[Work task]:
Take the data below and write it out exactly, except for the pictures.

Records to use Block Start

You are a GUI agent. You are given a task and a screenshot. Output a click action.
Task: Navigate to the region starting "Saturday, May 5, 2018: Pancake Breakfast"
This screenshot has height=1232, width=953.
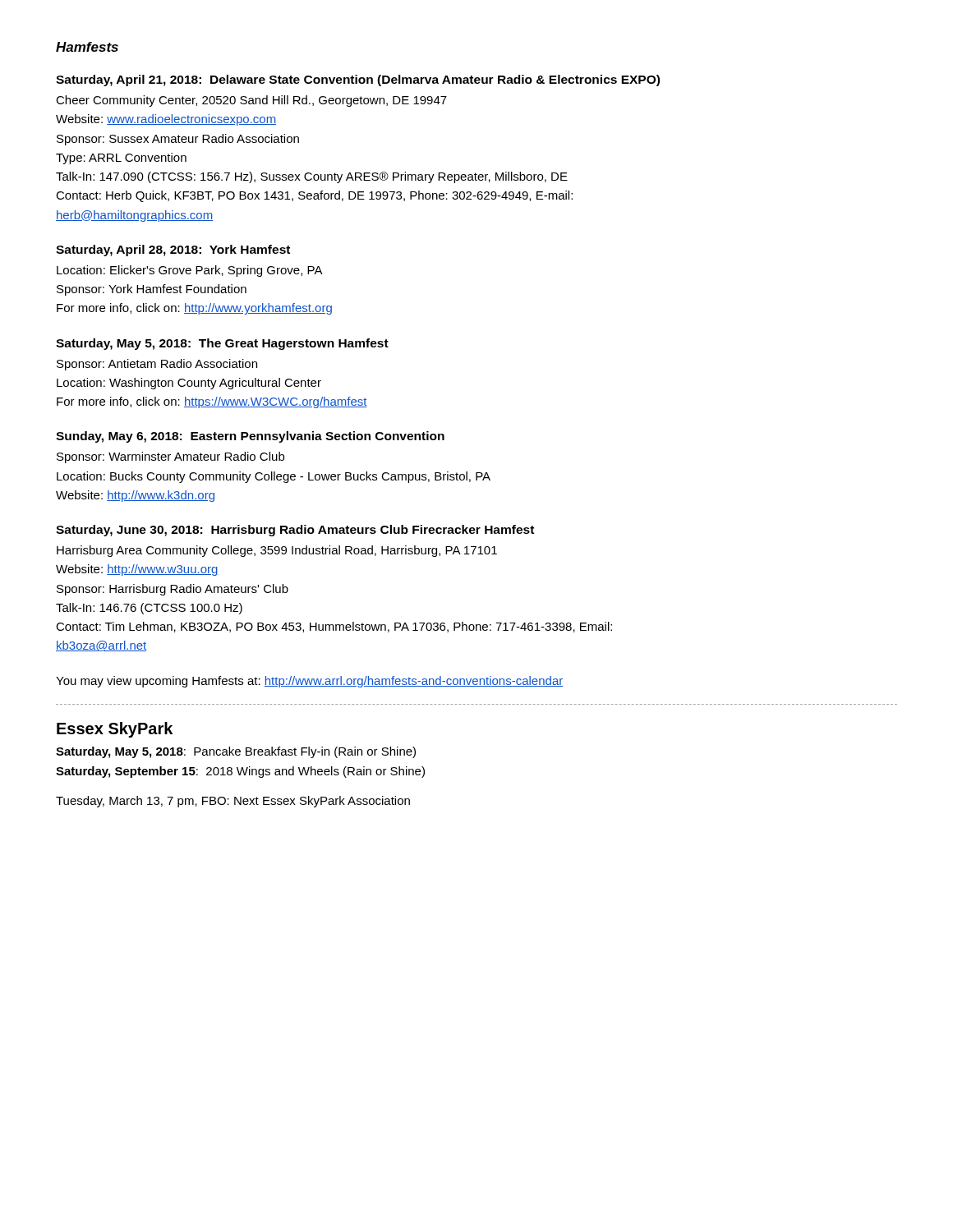pyautogui.click(x=241, y=761)
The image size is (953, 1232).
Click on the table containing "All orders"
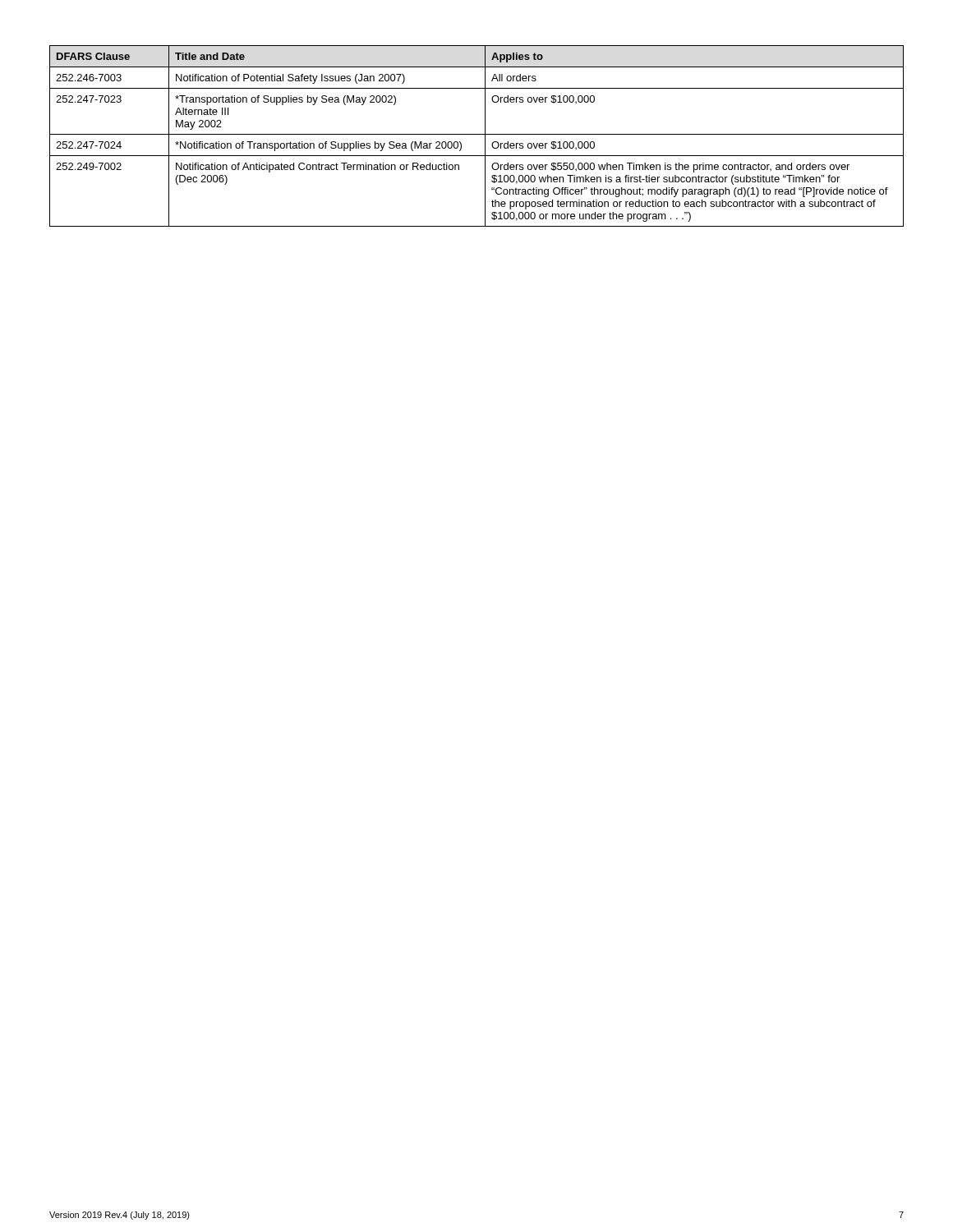pyautogui.click(x=476, y=136)

Records to use Block End

[Result below]:
You are a GUI agent. You are given a task and a screenshot. Output a click action.
Task: Navigate to the region starting "Saturday, May 5, 2018: Pancake Breakfast"
This screenshot has height=1232, width=953.
pyautogui.click(x=241, y=761)
The image size is (953, 1232).
Click on the table containing "All orders"
pyautogui.click(x=476, y=136)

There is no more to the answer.